In third grade, a classmate, Herbert Peterson, claimed to have seen a two-headed pig. I didn’t doubt him.

In our rural area, such an oddity seemed possible. He further asserted one head was good — pleasing oink, rosy color, ate from his hand. The other was evil. It shrieked, slobbered, and nearly ate his left thumb.

Retirement reminds me of Herb’s pig.



Its good head offers few obligations, intriguing possibilities, fun with friends; whispers you can do what you want. You’re free to run and play.

The evil head scoffs that you don’t know what you want; you have few friends beyond work. You’re too old to run and play; you’ll hobble and hurt.



The helpful head persists: make changes, take risks, roam free like an organic chicken. Two months into retirement, I accepted its counsel.
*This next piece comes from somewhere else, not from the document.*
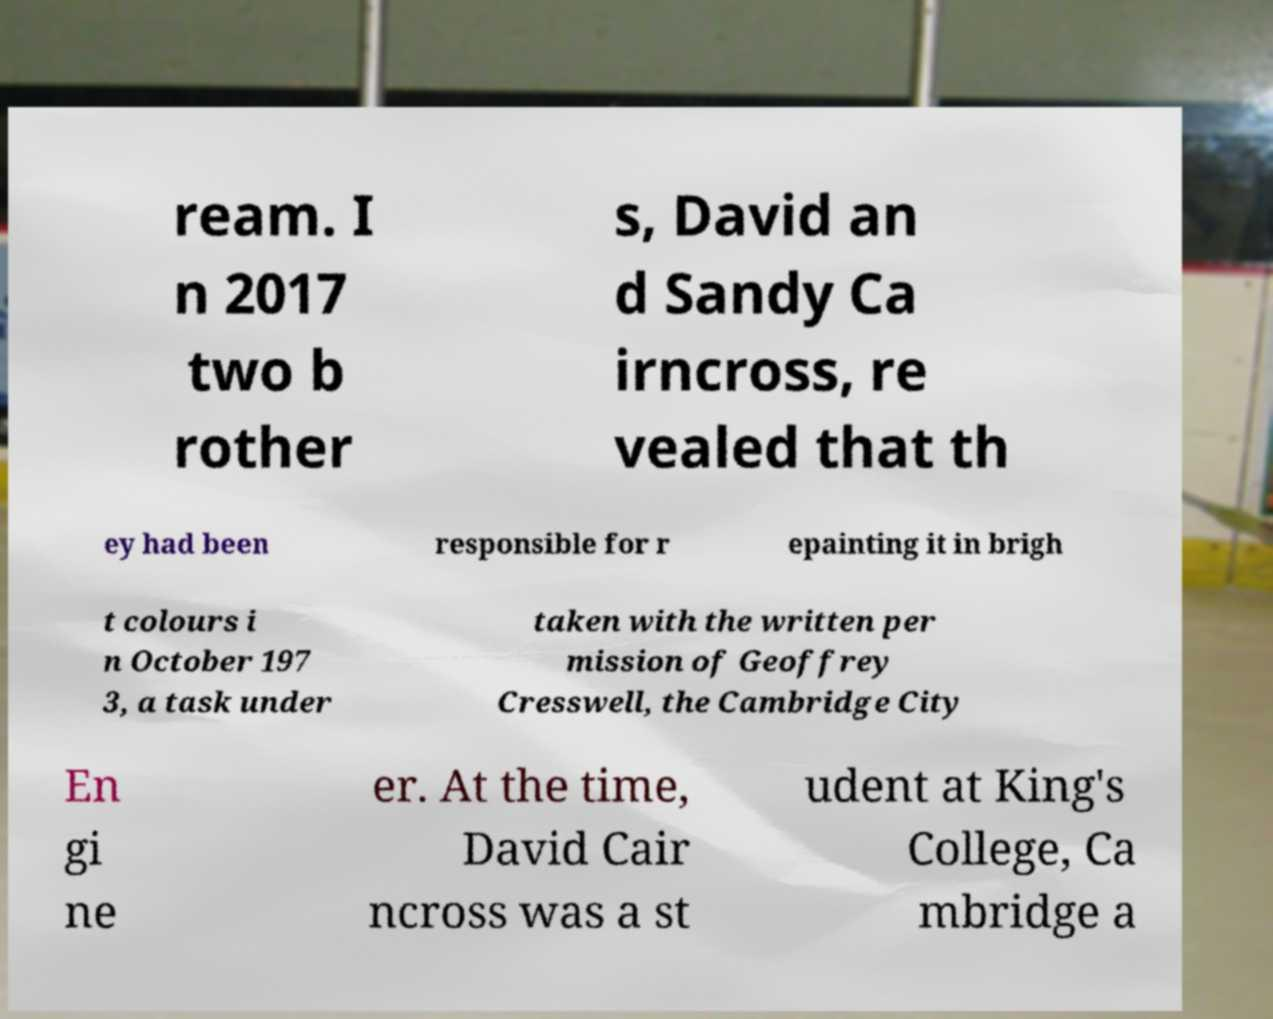Could you assist in decoding the text presented in this image and type it out clearly? ream. I n 2017 two b rother s, David an d Sandy Ca irncross, re vealed that th ey had been responsible for r epainting it in brigh t colours i n October 197 3, a task under taken with the written per mission of Geoffrey Cresswell, the Cambridge City En gi ne er. At the time, David Cair ncross was a st udent at King's College, Ca mbridge a 
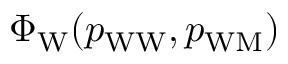Convert formula to latex. <formula><loc_0><loc_0><loc_500><loc_500>\Phi _ { W } ( p _ { W W } , p _ { W M } )</formula>

A year later, I vanquished the bad head.

Here’s how I did it: I signed up for a bowling class.

Janet, the ungainly, walked alone into Thunder Rolls, my heart in my throat, and found new friends. Two fun-loving ladies in their 30s introduced themselves as classmates and advised, “Watch your butt out there, Hon, the lanes are slicker than spit.”

They offered me a beer and asked if I thought they had a chance with the instructor.

Throughout the course, they invited my participation as they discussed their sex lives and picked fights in the parking lot. They sought my opinion as they pondered how many metal studs to embed in which body parts. When I finally broke 100, they grabbed me in a bear hug and danced me around the lobby to the rhythmic repetition of their favorite profanities.

Our friendship didn’t survive the end of the class; our lives were too different. But like a bowling ball headed for a strike, they sent me spinning straight and true into my retirement.

I had made new friends and started to run and play. Retirement’s evil head looked worried.

Because I enjoyed bowling, despite going at it like a disabled dog, I enrolled in a memoir class.

I wrote stories of my childhood, memories from my heart. Weekly, I read my efforts to positive classmates, who laughed at the right times and never looked puzzled nor dismayed.

Encouraged, I entered a local cowboy poetry contest, won first place, and blew my $20 prize money at a local bar.

I had discovered a passion and the courage to share it. The bad head gurgled and gulped.

Finally, for the first time since childhood, I danced in public as though no one were watching.

A friend insisted I join several partying women on the dance floor at a local affair. Ignoring the astonished look on my husband’s face, I shook my hips; I waved my hands; I bumped; I twisted; I shimmied down and, despite all odds, shimmied back up. In time to the music. I think.

That night, I danced retirement’s evil head to death, stomped it into the floor, kept my left thumb safe.

I nearly fell victim to the downside of retirement because, like many baby boomers, my job consumed me.

My life was career-centered and goal-oriented: another degree to earn, position to seek, skill to develop.

Others might retire, but I would work. When I died, my office would be enshrined, and a plaque hung: “Janet Sheridan worked here.”

Then in 2007, I grew weary and knew I must retire.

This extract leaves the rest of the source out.